Activity
Would you retype the whole listing verbatim, keeping pictures out of it?

Data extracts

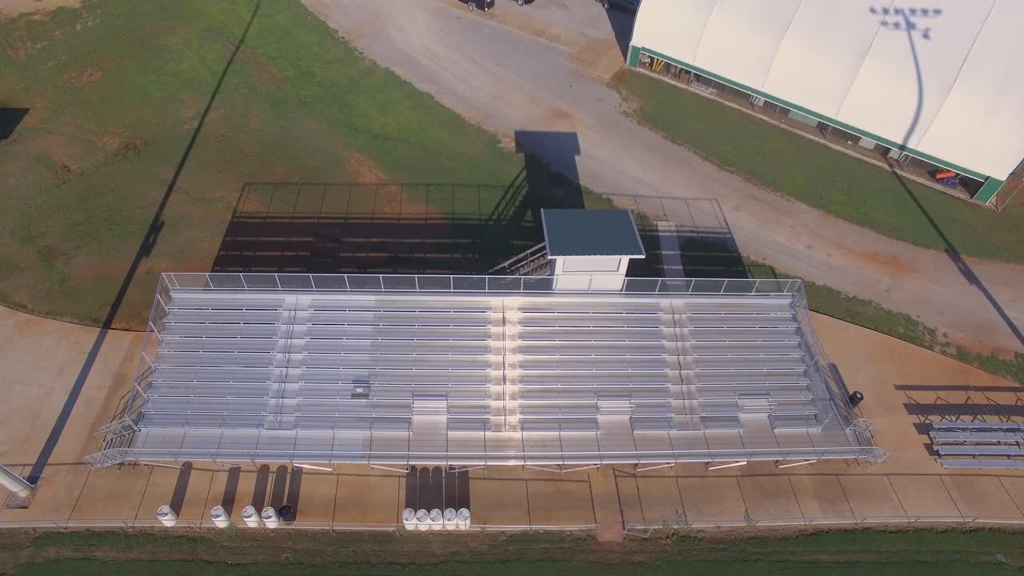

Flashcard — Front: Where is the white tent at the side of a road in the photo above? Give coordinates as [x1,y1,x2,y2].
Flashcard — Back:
[624,0,1024,207]
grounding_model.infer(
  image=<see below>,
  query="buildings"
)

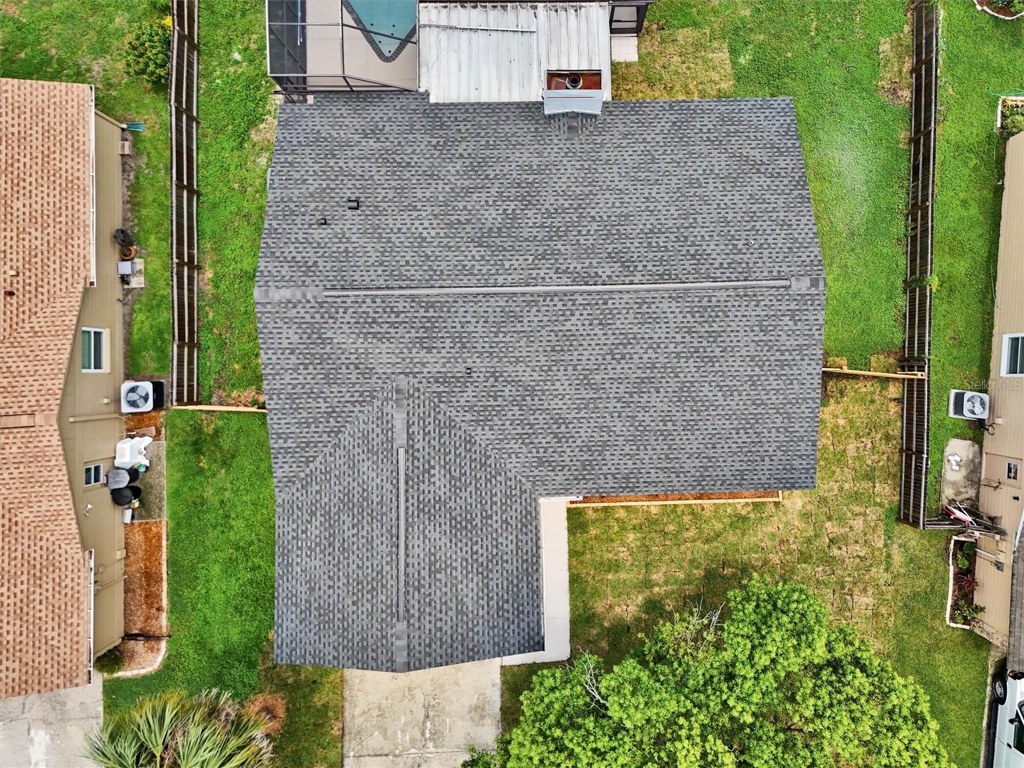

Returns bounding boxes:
[0,73,130,696]
[254,0,825,672]
[972,133,1024,675]
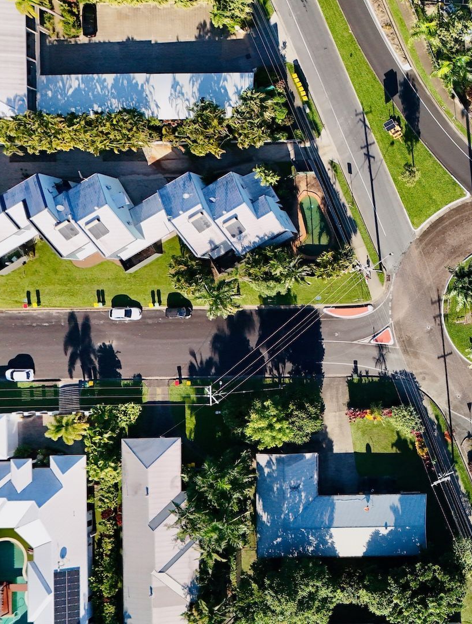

Solution to this task
Flashcard — Front: Where is the white tent at the side of a road in the photo above? Give coordinates as [x1,y1,x2,y2].
Flashcard — Back:
[624,0,1024,207]
grounding_model.infer(
  image=<see below>,
  query="buildings"
)


Returns bounding boxes:
[0,73,130,696]
[254,0,825,672]
[972,133,1024,675]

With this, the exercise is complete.